İdeolojiden uzak tarih laboratuvardır; Medine’de, Yahudi ve Müşriklerle imzaladığı sözleşmede kullandığı “Müslümanlara ne varsa Yahudilere de o vardır.” Ne yazık ki Hz. Peygamber’in Yahudilere tanıdığı hukuku Müslüman Müslüman’a tanımıyor. Seçilmişlik ve üstünlük zihniyeti sadece Filistinlilere dünyayı dar eden insanlık dışı davranışların sahibi Yahudilerde yok. Zihniyet olarak “içimizdeki çocuk” misali nüksediyor.
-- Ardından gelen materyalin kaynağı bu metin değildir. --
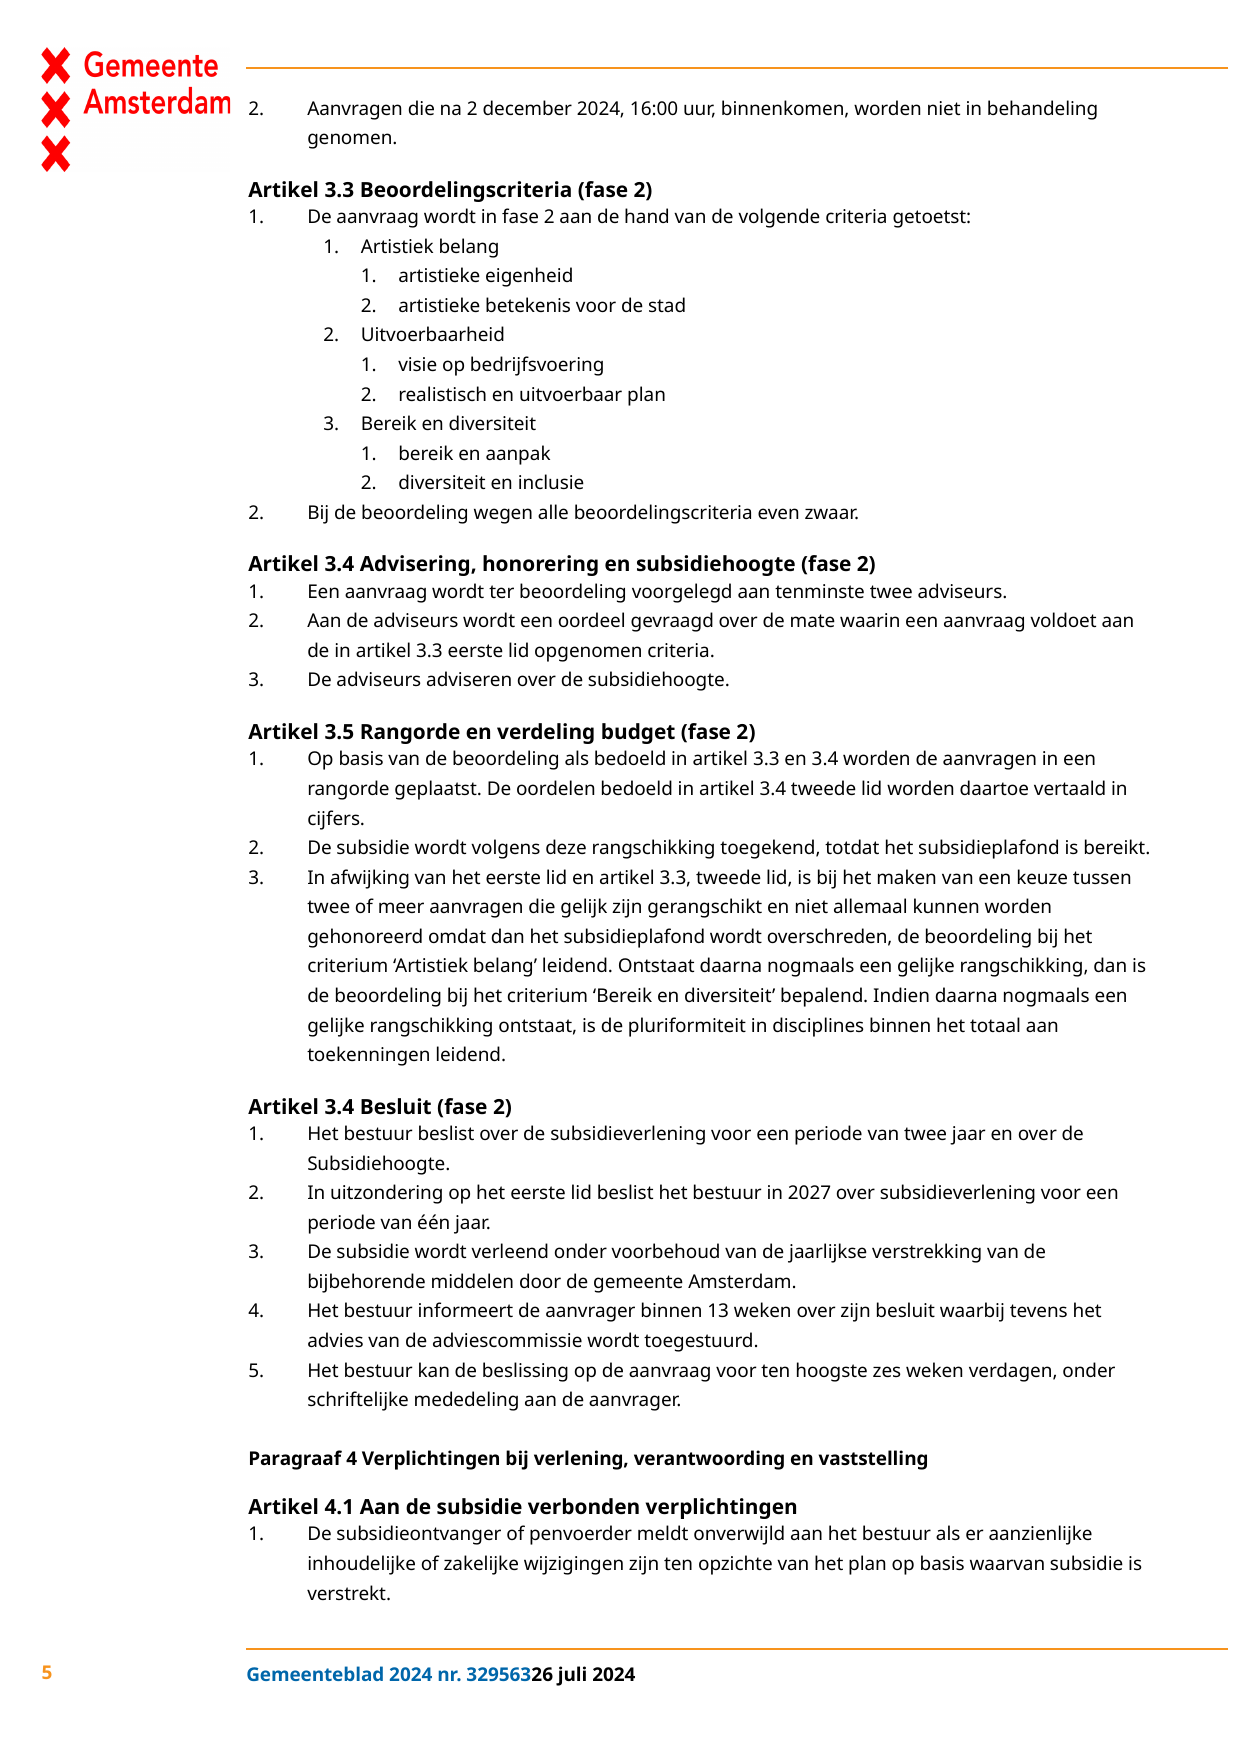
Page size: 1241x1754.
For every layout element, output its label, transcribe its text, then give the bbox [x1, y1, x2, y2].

list Het bestuur kan de beslissing op de aanvraag voor ten hoogste zes weken verdagen, onder schriftelijke mededeling aan de aanvrager. [248, 1357, 1152, 1412]
text Artikel 3.4 Advisering, honorering en subsidiehoogte (fase 2) [248, 549, 1152, 578]
list Op basis van de beoordeling als bedoeld in artikel 3.3 en 3.4 worden de aanvragen in een rangorde geplaatst. De oordelen bedoeld in artikel 3.4 tweede lid worden daartoe vertaald in cijfers. [248, 746, 1152, 830]
text Artikel 3.4 Besluit (fase 2) [248, 1092, 1152, 1120]
picture [41, 47, 231, 172]
list realistisch en uitvoerbaar plan [361, 381, 1152, 406]
text Paragraaf 4 Verplichtingen bij verlening, verantwoording en vaststelling [248, 1446, 1152, 1471]
list diversiteit en inclusie [361, 469, 1152, 495]
list In afwijking van het eerste lid en artikel 3.3, tweede lid, is bij het maken van een keuze tussen twee of meer aanvragen die gelijk zijn gerangschikt en niet allemaal kunnen worden gehonoreerd omdat dan het subsidieplafond wordt overschreden, de beoordeling bij het criterium ‘Artistiek belang’ leidend. Ontstaat daarna nogmaals een gelijke rangschikking, dan is de beoordeling bij het criterium ‘Bereik en diversiteit’ bepalend. Indien daarna nogmaals een gelijke rangschikking ontstaat, is de pluriformiteit in disciplines binnen het totaal aan toekenningen leidend. [248, 864, 1152, 1067]
list artistieke betekenis voor de stad [361, 292, 1152, 318]
list De subsidie wordt volgens deze rangschikking toegekend, totdat het subsidieplafond is bereikt. [248, 834, 1152, 860]
list Het bestuur informeert de aanvrager binnen 13 weken over zijn besluit waarbij tevens het advies van de adviescommissie wordt toegestuurd. [248, 1298, 1152, 1353]
list De adviseurs adviseren over de subsidiehoogte. [248, 667, 1152, 692]
list Aan de adviseurs wordt een oordeel gevraagd over de mate waarin een aanvraag voldoet aan de in artikel 3.3 eerste lid opgenomen criteria. [248, 607, 1152, 663]
list Bij de beoordeling wegen alle beoordelingscriteria even zwaar. [248, 499, 1152, 525]
list visie op bedrijfsvoering [361, 351, 1152, 377]
list Bereik en diversiteit [323, 410, 1152, 436]
list Een aanvraag wordt ter beoordeling voorgelegd aan tenminste twee adviseurs. [248, 578, 1152, 604]
list De aanvraag wordt in fase 2 aan de hand van de volgende criteria getoetst: [248, 203, 1152, 229]
list Het bestuur beslist over de subsidieverlening voor een periode van twee jaar en over de Subsidiehoogte. [248, 1120, 1152, 1176]
list Artistiek belang [323, 233, 1152, 258]
text Artikel 3.5 Rangorde en verdeling budget (fase 2) [248, 717, 1152, 746]
list artistieke eigenheid [361, 262, 1152, 288]
text Artikel 3.3 Beoordelingscriteria (fase 2) [248, 175, 1152, 203]
list bereik en aanpak [361, 440, 1152, 466]
list In uitzondering op het eerste lid beslist het bestuur in 2027 over subsidieverlening voor een periode van één jaar. [248, 1179, 1152, 1235]
text Artikel 4.1 Aan de subsidie verbonden verplichtingen [248, 1492, 1152, 1521]
list De subsidieontvanger of penvoerder meldt onverwijld aan het bestuur als er aanzienlijke inhoudelijke of zakelijke wijzigingen zijn ten opzichte van het plan op basis waarvan subsidie is verstrekt. [248, 1521, 1152, 1606]
list Uitvoerbaarheid [323, 322, 1152, 347]
list Aanvragen die na 2 december 2024, 16:00 uur, binnenkomen, worden niet in behandeling genomen. [248, 95, 1152, 150]
list De subsidie wordt verleend onder voorbehoud van de jaarlijkse verstrekking van de bijbehorende middelen door de gemeente Amsterdam. [248, 1238, 1152, 1294]

Kur’ân’ın getirdiği temel takva/sorumluluk duygusunu kulak ardı edip Müslüman Coğrafyada güçlü olan, kendisi gibi olmayanlara dünyayı dar ediyor. Orta Doğu’da Türkler, Araplar, Kürtler ve Farslar insan olma “asgari müştereğinde” birleşeceklerine kendilerini “kavm-i necip” seçilmiş, üstün kavim/ulus ilan ediyor. Tercihleri olmayan biyolojik ve kavmi farklılıkları düşmanlığa dönüştürmeyi iyi beceriyorlar. Birbirlerini hırpalayarak “üstün ve şerefli” olacaklarına iman ediyorlar. Hâlbuki beşeri yorumlardan ibaret Sünnî, Şiî, Zeydî, Selefîliği “mutlak hakikat” görüp diğerlerini “batıl” veya “sapık”/fırâk-ı dalle ilan etme birlikte yaşamayı zorlaştırıyor. Problemlere hukuk, eşitlik ve özgürlük ilkeleri bağlamında değil, etnik ve mezhep üstünlüğü açısından bakılıyor.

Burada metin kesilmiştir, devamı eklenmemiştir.